> _ACTIVITY_
Every line in the data below that holds "object" should be found and copied.

Segment Open

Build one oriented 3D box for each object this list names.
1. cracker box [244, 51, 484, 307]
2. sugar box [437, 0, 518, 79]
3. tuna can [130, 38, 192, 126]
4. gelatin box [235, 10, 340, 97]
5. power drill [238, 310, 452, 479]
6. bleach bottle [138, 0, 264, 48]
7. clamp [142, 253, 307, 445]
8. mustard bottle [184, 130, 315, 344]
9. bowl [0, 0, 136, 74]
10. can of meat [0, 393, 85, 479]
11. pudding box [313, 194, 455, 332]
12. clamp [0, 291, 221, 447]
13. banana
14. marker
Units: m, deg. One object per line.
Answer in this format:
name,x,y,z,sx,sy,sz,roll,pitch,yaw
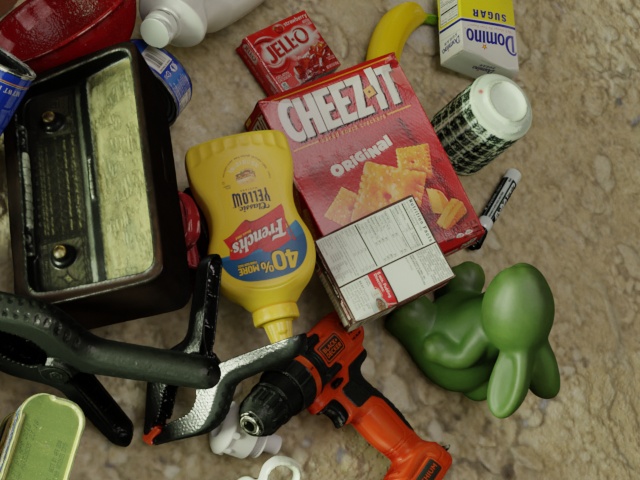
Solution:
cracker box,0.045,-0.063,1.074,0.164,0.072,0.214,-23,83,-21
sugar box,0.183,-0.276,1.256,0.093,0.048,0.176,14,61,-33
tuna can,-0.165,-0.148,1.010,0.086,0.086,0.033,37,56,-9
gelatin box,-0.033,-0.194,1.128,0.089,0.030,0.073,-31,85,-33
power drill,0.026,0.171,0.970,0.187,0.057,0.184,52,41,-2
bleach bottle,-0.103,-0.250,1.051,0.102,0.068,0.250,36,40,-6
clamp,-0.088,0.111,0.904,0.120,0.171,0.039,33,13,29
mustard bottle,-0.056,0.001,0.953,0.096,0.058,0.191,-12,77,-12
bowl,-0.228,-0.188,0.978,0.162,0.162,0.055,-54,132,-32
can of meat,-0.229,0.177,0.844,0.057,0.084,0.102,21,62,-18
pudding box,0.056,0.020,0.994,0.113,0.039,0.090,-24,80,-17
clamp,-0.191,0.089,0.829,0.209,0.165,0.036,35,45,-26
banana,0.083,-0.203,1.186,0.069,0.037,0.197,30,59,-12
marker,0.191,-0.034,1.182,0.020,0.020,0.121,39,57,-7

Segment Closed

> _THE COMPLETED TASK_
Build one oriented 3D box for each object this list names.
Units: m, deg. One object per line.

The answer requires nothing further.